Leitsatz

Erlangt aus einem Vertrag zugunsten Dritter der begünstigte Dritte einen frei verfügbaren Anspruch auf die Leistung gegen den Versprechenden, ist der Tatbestand des § 7 Abs. 1 Nr. 1 ErbStG erfüllt. Erwerbsgegenstand ist in einem solchen Fall die – als Folge des Abschlusses des Vertrags zugunsten Dritter entstandene – Forderung des Dritten gegen den Verpflichteten. Die Steuer entsteht mit der Begründung des Forderungsrechts des Dritten.

 

Normenkette

§ 7 Abs. 1 Nrn. 1 und 2 ErbStG , § 9 Abs. 1 Nr. 2 ErbStG , § 328 Abs. 1 BGB

 

Sachverhalt

Die Eltern des Klägers waren Eigentümer mehrerer Grundstücke. 1990 übertrugen sie diesen Grundbesitz schenkweise auf seine Schwester (S). S verpflichtete sich, die Hälfte des Grundbesitzes unentgeltlich dem Kläger zu übereignen, "soweit dieser es wünscht". Im Fall eines Verkaufs von Grundstücken hatte S die Zustimmung des Klägers einzuholen und den Erlös mit ihm zu teilen. 1998 veräußerte S einige Grundstücke und gab die Hälfte des Erlöses an den Kläger weiter. Wegen der Auskehrung des Erlöses setzte das FA Schenkungsteuer gegen den Kläger fest. Dagegen wandte er sich erfolglos an das FG mit der Begründung, die Schenkung an ihn sei bereits 1990 erfolgt und die Festsetzungsfrist mittlerweile abgelaufen.

 

Entscheidung

Der BFH gab dem Kläger Recht. Die Frage, ob bei Schenkungen unter der Auflage, eine Leistung an einen Dritten zu erbringen, die Begünstigung des Dritten nach Nr. 1 oder 2 des § 7 Abs. 1 ErbStG zu besteuern ist, richtet sich danach, ob der begünstigte Dritte aus der Anordnung des Schenkers einen frei verfügbaren Anspruch auf die Leistung erlangt hat oder nicht. Ein aufschiebend bedingter Anspruch ist noch nicht frei verfügbar in diesem Sinn.

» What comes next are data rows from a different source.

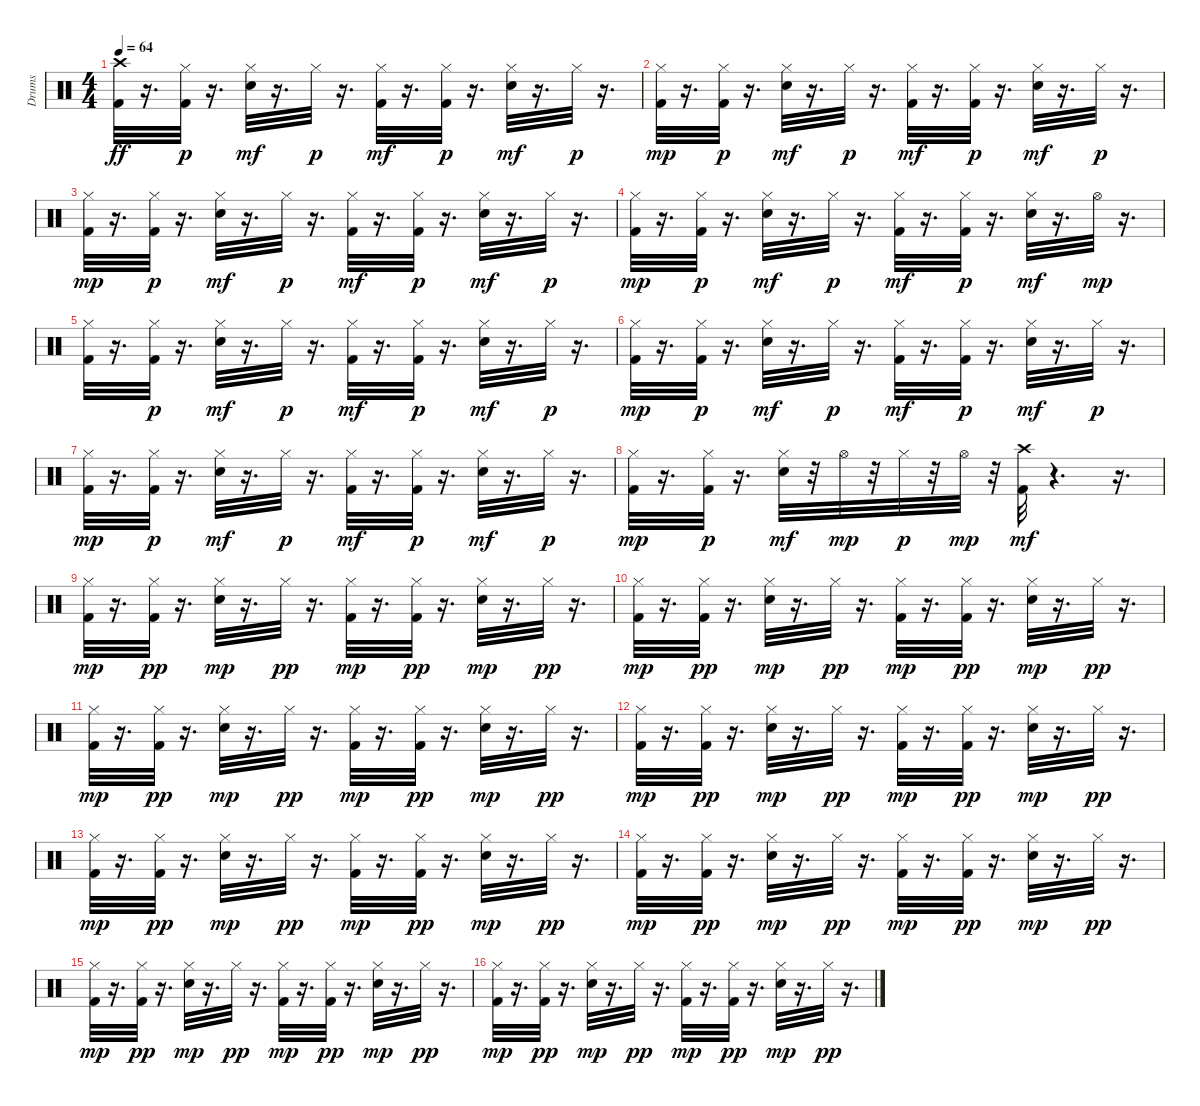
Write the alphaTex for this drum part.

\track ("Drums" "Drums") {instrument percussion}
\staff {score}
\articulation defaults
\ts (4 4)
\tempo 64
\clef neutral
\ks c
("Kick (hit) 2" "Crash high (hit)").32{dy ff} r.16{d} ("Kick (hit) 2" "Hi-Hat (closed)").32{dy p} r.16{d} ("Snare (hit) 2" "Hi-Hat (closed)").32{dy mf} r.16{d} "Hi-Hat (closed)".32{dy p} r.16{d} ("Kick (hit) 2" "Hi-Hat (closed)").32{dy mf} r.16{d} ("Kick (hit) 2" "Hi-Hat (closed)").32{dy p} r.16{d} ("Snare (hit) 2" "Hi-Hat (closed)").32{dy mf} r.16{d} "Hi-Hat (closed)".32{dy p} r.16{d} |
("Kick (hit) 2" "Hi-Hat (closed)").32{dy mp} r.16{d} ("Kick (hit) 2" "Hi-Hat (closed)").32{dy p} r.16{d} ("Snare (hit) 2" "Hi-Hat (closed)").32{dy mf} r.16{d} "Hi-Hat (closed)".32{dy p} r.16{d} ("Kick (hit) 2" "Hi-Hat (closed)").32{dy mf} r.16{d} ("Kick (hit) 2" "Hi-Hat (closed)").32{dy p} r.16{d} ("Snare (hit) 2" "Hi-Hat (closed)").32{dy mf} r.16{d} "Hi-Hat (closed)".32{dy p} r.16{d} |
("Kick (hit) 2" "Hi-Hat (closed)").32{dy mp} r.16{d} ("Kick (hit) 2" "Hi-Hat (closed)").32{dy p} r.16{d} ("Snare (hit) 2" "Hi-Hat (closed)").32{dy mf} r.16{d} "Hi-Hat (closed)".32{dy p} r.16{d} ("Kick (hit) 2" "Hi-Hat (closed)").32{dy mf} r.16{d} ("Kick (hit) 2" "Hi-Hat (closed)").32{dy p} r.16{d} ("Snare (hit) 2" "Hi-Hat (closed)").32{dy mf} r.16{d} "Hi-Hat (closed)".32{dy p} r.16{d} |
("Kick (hit) 2" "Hi-Hat (closed)").32{dy mp} r.16{d} ("Kick (hit) 2" "Hi-Hat (closed)").32{dy p} r.16{d} ("Snare (hit) 2" "Hi-Hat (closed)").32{dy mf} r.16{d} "Hi-Hat (closed)".32{dy p} r.16{d} ("Kick (hit) 2" "Hi-Hat (closed)").32{dy mf} r.16{d} ("Kick (hit) 2" "Hi-Hat (closed)").32{dy p} r.16{d} ("Snare (hit) 2" "Hi-Hat (closed)").32{dy mf} r.16{d} "Hi-Hat (open)".32{dy mp} r.16{d} |
("Kick (hit) 2" "Hi-Hat (closed)").32 r.16{d} ("Kick (hit) 2" "Hi-Hat (closed)").32{dy p} r.16{d} ("Snare (hit) 2" "Hi-Hat (closed)").32{dy mf} r.16{d} "Hi-Hat (closed)".32{dy p} r.16{d} ("Kick (hit) 2" "Hi-Hat (closed)").32{dy mf} r.16{d} ("Kick (hit) 2" "Hi-Hat (closed)").32{dy p} r.16{d} ("Snare (hit) 2" "Hi-Hat (closed)").32{dy mf} r.16{d} "Hi-Hat (closed)".32{dy p} r.16{d} |
("Kick (hit) 2" "Hi-Hat (closed)").32{dy mp} r.16{d} ("Kick (hit) 2" "Hi-Hat (closed)").32{dy p} r.16{d} ("Snare (hit) 2" "Hi-Hat (closed)").32{dy mf} r.16{d} "Hi-Hat (closed)".32{dy p} r.16{d} ("Kick (hit) 2" "Hi-Hat (closed)").32{dy mf} r.16{d} ("Kick (hit) 2" "Hi-Hat (closed)").32{dy p} r.16{d} ("Snare (hit) 2" "Hi-Hat (closed)").32{dy mf} r.16{d} "Hi-Hat (closed)".32{dy p} r.16{d} |
("Kick (hit) 2" "Hi-Hat (closed)").32{dy mp} r.16{d} ("Kick (hit) 2" "Hi-Hat (closed)").32{dy p} r.16{d} ("Snare (hit) 2" "Hi-Hat (closed)").32{dy mf} r.16{d} "Hi-Hat (closed)".32{dy p} r.16{d} ("Kick (hit) 2" "Hi-Hat (closed)").32{dy mf} r.16{d} ("Kick (hit) 2" "Hi-Hat (closed)").32{dy p} r.16{d} ("Snare (hit) 2" "Hi-Hat (closed)").32{dy mf} r.16{d} "Hi-Hat (closed)".32{dy p} r.16{d} |
("Kick (hit) 2" "Hi-Hat (closed)").32{dy mp} r.16{d} ("Kick (hit) 2" "Hi-Hat (closed)").32{dy p} r.16{d} ("Snare (hit) 2" "Hi-Hat (closed)").32{dy mf} r.32 "Hi-Hat (open)".32{dy mp} r.32 "Hi-Hat (closed)".32{dy p} r.32 "Hi-Hat (open)".32{dy mp} r.32 ("Kick (hit) 2" "Crash high (hit)").32{dy mf} r.4{d} r.16{d} |
("Kick (hit) 2" "Hi-Hat (closed)").32{dy mp} r.16{d} ("Kick (hit) 2" "Hi-Hat (closed)").32{dy pp} r.16{d} ("Snare (hit) 2" "Hi-Hat (closed)").32{dy mp} r.16{d} "Hi-Hat (closed)".32{dy pp} r.16{d} ("Kick (hit) 2" "Hi-Hat (closed)").32{dy mp} r.16{d} ("Kick (hit) 2" "Hi-Hat (closed)").32{dy pp} r.16{d} ("Snare (hit) 2" "Hi-Hat (closed)").32{dy mp} r.16{d} "Hi-Hat (closed)".32{dy pp} r.16{d} |
("Kick (hit) 2" "Hi-Hat (closed)").32{dy mp} r.16{d} ("Kick (hit) 2" "Hi-Hat (closed)").32{dy pp} r.16{d} ("Snare (hit) 2" "Hi-Hat (closed)").32{dy mp} r.16{d} "Hi-Hat (closed)".32{dy pp} r.16{d} ("Kick (hit) 2" "Hi-Hat (closed)").32{dy mp} r.16{d} ("Kick (hit) 2" "Hi-Hat (closed)").32{dy pp} r.16{d} ("Snare (hit) 2" "Hi-Hat (closed)").32{dy mp} r.16{d} "Hi-Hat (closed)".32{dy pp} r.16{d} |
("Kick (hit) 2" "Hi-Hat (closed)").32{dy mp} r.16{d} ("Kick (hit) 2" "Hi-Hat (closed)").32{dy pp} r.16{d} ("Snare (hit) 2" "Hi-Hat (closed)").32{dy mp} r.16{d} "Hi-Hat (closed)".32{dy pp} r.16{d} ("Kick (hit) 2" "Hi-Hat (closed)").32{dy mp} r.16{d} ("Kick (hit) 2" "Hi-Hat (closed)").32{dy pp} r.16{d} ("Snare (hit) 2" "Hi-Hat (closed)").32{dy mp} r.16{d} "Hi-Hat (closed)".32{dy pp} r.16{d} |
("Kick (hit) 2" "Hi-Hat (closed)").32{dy mp} r.16{d} ("Kick (hit) 2" "Hi-Hat (closed)").32{dy pp} r.16{d} ("Snare (hit) 2" "Hi-Hat (closed)").32{dy mp} r.16{d} "Hi-Hat (closed)".32{dy pp} r.16{d} ("Kick (hit) 2" "Hi-Hat (closed)").32{dy mp} r.16{d} ("Kick (hit) 2" "Hi-Hat (closed)").32{dy pp} r.16{d} ("Snare (hit) 2" "Hi-Hat (closed)").32{dy mp} r.16{d} "Hi-Hat (closed)".32{dy pp} r.16{d} |
("Kick (hit) 2" "Hi-Hat (closed)").32{dy mp} r.16{d} ("Kick (hit) 2" "Hi-Hat (closed)").32{dy pp} r.16{d} ("Snare (hit) 2" "Hi-Hat (closed)").32{dy mp} r.16{d} "Hi-Hat (closed)".32{dy pp} r.16{d} ("Kick (hit) 2" "Hi-Hat (closed)").32{dy mp} r.16{d} ("Kick (hit) 2" "Hi-Hat (closed)").32{dy pp} r.16{d} ("Snare (hit) 2" "Hi-Hat (closed)").32{dy mp} r.16{d} "Hi-Hat (closed)".32{dy pp} r.16{d} |
("Kick (hit) 2" "Hi-Hat (closed)").32{dy mp} r.16{d} ("Kick (hit) 2" "Hi-Hat (closed)").32{dy pp} r.16{d} ("Snare (hit) 2" "Hi-Hat (closed)").32{dy mp} r.16{d} "Hi-Hat (closed)".32{dy pp} r.16{d} ("Kick (hit) 2" "Hi-Hat (closed)").32{dy mp} r.16{d} ("Kick (hit) 2" "Hi-Hat (closed)").32{dy pp} r.16{d} ("Snare (hit) 2" "Hi-Hat (closed)").32{dy mp} r.16{d} "Hi-Hat (closed)".32{dy pp} r.16{d} |
("Kick (hit) 2" "Hi-Hat (closed)").32{dy mp} r.16{d} ("Kick (hit) 2" "Hi-Hat (closed)").32{dy pp} r.16{d} ("Snare (hit) 2" "Hi-Hat (closed)").32{dy mp} r.16{d} "Hi-Hat (closed)".32{dy pp} r.16{d} ("Kick (hit) 2" "Hi-Hat (closed)").32{dy mp} r.16{d} ("Kick (hit) 2" "Hi-Hat (closed)").32{dy pp} r.16{d} ("Snare (hit) 2" "Hi-Hat (closed)").32{dy mp} r.16{d} "Hi-Hat (closed)".32{dy pp} r.16{d} |
("Kick (hit) 2" "Hi-Hat (closed)").32{dy mp} r.16{d} ("Kick (hit) 2" "Hi-Hat (closed)").32{dy pp} r.16{d} ("Snare (hit) 2" "Hi-Hat (closed)").32{dy mp} r.16{d} "Hi-Hat (closed)".32{dy pp} r.16{d} ("Kick (hit) 2" "Hi-Hat (closed)").32{dy mp} r.16{d} ("Kick (hit) 2" "Hi-Hat (closed)").32{dy pp} r.16{d} ("Snare (hit) 2" "Hi-Hat (closed)").32{dy mp} r.16{d} "Hi-Hat (closed)".32{dy pp} r.16{d}

Der Kläger hat bereits 1990 einen frei verfügbaren Anspruch erworben. Daran ändert der Zusatz "soweit er es wünscht" nichts, weil es sich dabei um eine allein vom Willen des Klägers abhängige (Potestativ-)Bedingung handelt. Auch die Regelungen für den Fall einer Weiterveräußerung der Grundstücke durch S sind insoweit ohne Bedeutung. Sie räumten dem Kläger kein Wahlrecht ein – wie das FG meinte –, sondern dienten lediglich der Sicherstellung des dem Kläger 1990 zugewendeten Eigentumsverschaffungsanspruchs. Da der Anspruch bereits mit Abschluss des Vertrags zwischen den Eltern und S entstand, entstand nach § 9 Abs. 1 Nr. 2 ErbStG gleichzeitig die Steuer.

 

Hinweis

Erlangt der Dritte bei einem echten Vertrag zugunsten Dritter i.S.d. § 328 Abs. 1 BGB einen unbedingten Anspruch, besteht – falls sich aus dem Verhältnis des Dritten zum Versprechensempfänger nichts anderes ergibt – die Bereicherung des Dritten in diesem Anspruch und ist die Schenkung bereits mit dem Abschluss des Vertrags zwischen dem Versprechenden und dem Versprechensempfänger ausgeführt. Es bedarf zur Ausführung der Schenkung keines Vollzugs seitens des Versprechenden mehr, so dass auch die Schenkungsteuer in der Person des Dritten sofort entsteht.

Zwischen dem Dritten und dem Versprechensempfänger können allerdings Rechtsbeziehungen bestehen, die einer Bereicherung des Dritten entgegenstehen und damit eine Schenkung ausschließen.